→ Dataset records:
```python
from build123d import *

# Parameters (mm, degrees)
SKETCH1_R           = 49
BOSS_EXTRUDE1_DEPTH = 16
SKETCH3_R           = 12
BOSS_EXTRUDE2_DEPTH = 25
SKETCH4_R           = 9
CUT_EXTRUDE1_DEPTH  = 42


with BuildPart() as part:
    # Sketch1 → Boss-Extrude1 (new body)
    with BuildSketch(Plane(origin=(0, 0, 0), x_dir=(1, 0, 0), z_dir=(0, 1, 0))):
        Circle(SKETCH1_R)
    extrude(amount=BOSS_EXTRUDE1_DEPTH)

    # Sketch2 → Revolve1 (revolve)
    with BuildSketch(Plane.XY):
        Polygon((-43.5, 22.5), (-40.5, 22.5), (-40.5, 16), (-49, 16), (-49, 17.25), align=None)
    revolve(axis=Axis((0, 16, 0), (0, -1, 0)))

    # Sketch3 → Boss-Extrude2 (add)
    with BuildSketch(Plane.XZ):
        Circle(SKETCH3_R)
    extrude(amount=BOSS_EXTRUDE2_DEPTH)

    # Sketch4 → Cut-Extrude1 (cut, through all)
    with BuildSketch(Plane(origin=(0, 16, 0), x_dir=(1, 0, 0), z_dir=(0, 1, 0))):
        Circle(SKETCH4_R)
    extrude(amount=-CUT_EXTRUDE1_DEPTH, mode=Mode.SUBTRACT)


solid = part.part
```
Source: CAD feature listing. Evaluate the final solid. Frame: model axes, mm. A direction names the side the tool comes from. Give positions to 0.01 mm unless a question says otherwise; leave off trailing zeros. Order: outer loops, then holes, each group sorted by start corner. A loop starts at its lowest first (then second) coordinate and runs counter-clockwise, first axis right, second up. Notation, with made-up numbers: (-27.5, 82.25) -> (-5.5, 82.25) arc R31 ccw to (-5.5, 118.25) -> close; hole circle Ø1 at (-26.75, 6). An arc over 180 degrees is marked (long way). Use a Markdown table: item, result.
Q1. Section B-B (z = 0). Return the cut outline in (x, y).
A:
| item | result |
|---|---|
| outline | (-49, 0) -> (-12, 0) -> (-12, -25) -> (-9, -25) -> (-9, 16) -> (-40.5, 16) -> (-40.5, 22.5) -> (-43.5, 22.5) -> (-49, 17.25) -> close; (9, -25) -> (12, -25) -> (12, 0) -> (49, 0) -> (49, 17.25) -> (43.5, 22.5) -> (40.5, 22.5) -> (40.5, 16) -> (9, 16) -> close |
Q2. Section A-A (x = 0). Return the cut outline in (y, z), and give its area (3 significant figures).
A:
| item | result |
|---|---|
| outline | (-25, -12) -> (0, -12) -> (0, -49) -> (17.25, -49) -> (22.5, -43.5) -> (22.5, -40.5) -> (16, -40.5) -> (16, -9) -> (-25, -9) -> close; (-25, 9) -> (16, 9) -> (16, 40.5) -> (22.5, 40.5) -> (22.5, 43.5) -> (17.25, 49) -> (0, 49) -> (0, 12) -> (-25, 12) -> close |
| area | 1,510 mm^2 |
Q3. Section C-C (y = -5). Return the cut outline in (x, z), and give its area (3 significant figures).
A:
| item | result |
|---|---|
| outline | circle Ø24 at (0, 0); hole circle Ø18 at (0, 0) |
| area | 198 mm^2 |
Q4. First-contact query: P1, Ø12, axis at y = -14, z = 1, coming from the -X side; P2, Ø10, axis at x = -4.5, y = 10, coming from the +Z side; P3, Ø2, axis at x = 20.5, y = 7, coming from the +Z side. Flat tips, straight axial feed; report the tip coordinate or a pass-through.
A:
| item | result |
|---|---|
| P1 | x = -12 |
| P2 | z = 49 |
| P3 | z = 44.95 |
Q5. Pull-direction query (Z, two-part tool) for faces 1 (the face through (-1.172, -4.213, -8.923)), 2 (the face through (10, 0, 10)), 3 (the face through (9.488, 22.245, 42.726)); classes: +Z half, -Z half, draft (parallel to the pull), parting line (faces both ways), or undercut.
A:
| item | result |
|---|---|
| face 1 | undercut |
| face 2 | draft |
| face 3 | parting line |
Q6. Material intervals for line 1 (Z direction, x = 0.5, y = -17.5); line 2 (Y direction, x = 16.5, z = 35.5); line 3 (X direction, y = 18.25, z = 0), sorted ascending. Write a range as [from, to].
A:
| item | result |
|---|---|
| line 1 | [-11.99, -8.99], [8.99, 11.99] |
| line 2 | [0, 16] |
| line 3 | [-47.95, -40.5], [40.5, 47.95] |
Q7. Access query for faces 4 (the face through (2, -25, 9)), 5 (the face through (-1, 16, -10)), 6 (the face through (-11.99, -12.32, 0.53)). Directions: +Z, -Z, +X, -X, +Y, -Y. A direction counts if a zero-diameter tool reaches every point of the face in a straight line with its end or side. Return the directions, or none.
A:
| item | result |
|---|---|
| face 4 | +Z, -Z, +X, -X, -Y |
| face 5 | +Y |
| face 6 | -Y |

→ Brief: An exact, complete copy of the data is the only acceptable answer.

→ Exercise solution:
```python
from build123d import *

# Parameters (mm, degrees)
SKETCH1_R           = 49
BOSS_EXTRUDE1_DEPTH = 16
SKETCH3_R           = 12
BOSS_EXTRUDE2_DEPTH = 25
SKETCH4_R           = 9
CUT_EXTRUDE1_DEPTH  = 42


with BuildPart() as part:
    # Sketch1 → Boss-Extrude1 (new body)
    with BuildSketch(Plane(origin=(0, 0, 0), x_dir=(1, 0, 0), z_dir=(0, 1, 0))):
        Circle(SKETCH1_R)
    extrude(amount=BOSS_EXTRUDE1_DEPTH)

    # Sketch2 → Revolve1 (revolve)
    with BuildSketch(Plane.XY):
        Polygon((-43.5, 22.5), (-40.5, 22.5), (-40.5, 16), (-49, 16), (-49, 17.25), align=None)
    revolve(axis=Axis((0, 16, 0), (0, -1, 0)))

    # Sketch3 → Boss-Extrude2 (add)
    with BuildSketch(Plane.XZ):
        Circle(SKETCH3_R)
    extrude(amount=BOSS_EXTRUDE2_DEPTH)

    # Sketch4 → Cut-Extrude1 (cut, through all)
    with BuildSketch(Plane(origin=(0, 16, 0), x_dir=(1, 0, 0), z_dir=(0, 1, 0))):
        Circle(SKETCH4_R)
    extrude(amount=-CUT_EXTRUDE1_DEPTH, mode=Mode.SUBTRACT)


solid = part.part
```
Source: CAD feature listing. Evaluate the final solid. Frame: model axes, mm. A direction names the side the tool comes from. Give positions to 0.01 mm unless a question says otherwise; leave off trailing zeros. Order: outer loops, then holes, each group sorted by start corner. A loop starts at its lowest first (then second) coordinate and runs counter-clockwise, first axis right, second up. Notation, with made-up numbers: (-27.5, 82.25) -> (-5.5, 82.25) arc R31 ccw to (-5.5, 118.25) -> close; hole circle Ø1 at (-26.75, 6). An arc over 180 degrees is marked (long way). Use a Markdown table: item, result.
Q1. Section B-B (z = 0). Return the cut outline in (x, y).
A:
| item | result |
|---|---|
| outline | (-49, 0) -> (-12, 0) -> (-12, -25) -> (-9, -25) -> (-9, 16) -> (-40.5, 16) -> (-40.5, 22.5) -> (-43.5, 22.5) -> (-49, 17.25) -> close; (9, -25) -> (12, -25) -> (12, 0) -> (49, 0) -> (49, 17.25) -> (43.5, 22.5) -> (40.5, 22.5) -> (40.5, 16) -> (9, 16) -> close |
Q2. Section A-A (x = 0). Return the cut outline in (y, z), and give its area (3 significant figures).
A:
| item | result |
|---|---|
| outline | (-25, -12) -> (0, -12) -> (0, -49) -> (17.25, -49) -> (22.5, -43.5) -> (22.5, -40.5) -> (16, -40.5) -> (16, -9) -> (-25, -9) -> close; (-25, 9) -> (16, 9) -> (16, 40.5) -> (22.5, 40.5) -> (22.5, 43.5) -> (17.25, 49) -> (0, 49) -> (0, 12) -> (-25, 12) -> close |
| area | 1,510 mm^2 |
Q3. Section C-C (y = -5). Return the cut outline in (x, z), and give its area (3 significant figures).
A:
| item | result |
|---|---|
| outline | circle Ø24 at (0, 0); hole circle Ø18 at (0, 0) |
| area | 198 mm^2 |
Q4. First-contact query: P1, Ø12, axis at y = -14, z = 1, coming from the -X side; P2, Ø10, axis at x = -4.5, y = 10, coming from the +Z side; P3, Ø2, axis at x = 20.5, y = 7, coming from the +Z side. Flat tips, straight axial feed; report the tip coordinate or a pass-through.
A:
| item | result |
|---|---|
| P1 | x = -12 |
| P2 | z = 49 |
| P3 | z = 44.95 |
Q5. Pull-direction query (Z, two-part tool) for faces 1 (the face through (-1.172, -4.213, -8.923)), 2 (the face through (10, 0, 10)), 3 (the face through (9.488, 22.245, 42.726)); classes: +Z half, -Z half, draft (parallel to the pull), parting line (faces both ways), or undercut.
A:
| item | result |
|---|---|
| face 1 | undercut |
| face 2 | draft |
| face 3 | parting line |
Q6. Material intervals for line 1 (Z direction, x = 0.5, y = -17.5); line 2 (Y direction, x = 16.5, z = 35.5); line 3 (X direction, y = 18.25, z = 0), sorted ascending. Write a range as [from, to].
A:
| item | result |
|---|---|
| line 1 | [-11.99, -8.99], [8.99, 11.99] |
| line 2 | [0, 16] |
| line 3 | [-47.95, -40.5], [40.5, 47.95] |
Q7. Access query for faces 4 (the face through (2, -25, 9)), 5 (the face through (-1, 16, -10)), 6 (the face through (-11.99, -12.32, 0.53)). Directions: +Z, -Z, +X, -X, +Y, -Y. A direction counts if a zero-diameter tool reaches every point of the face in a straight line with its end or side. Return the directions, or none.
A:
| item | result |
|---|---|
| face 4 | +Z, -Z, +X, -X, -Y |
| face 5 | +Y |
| face 6 | -Y |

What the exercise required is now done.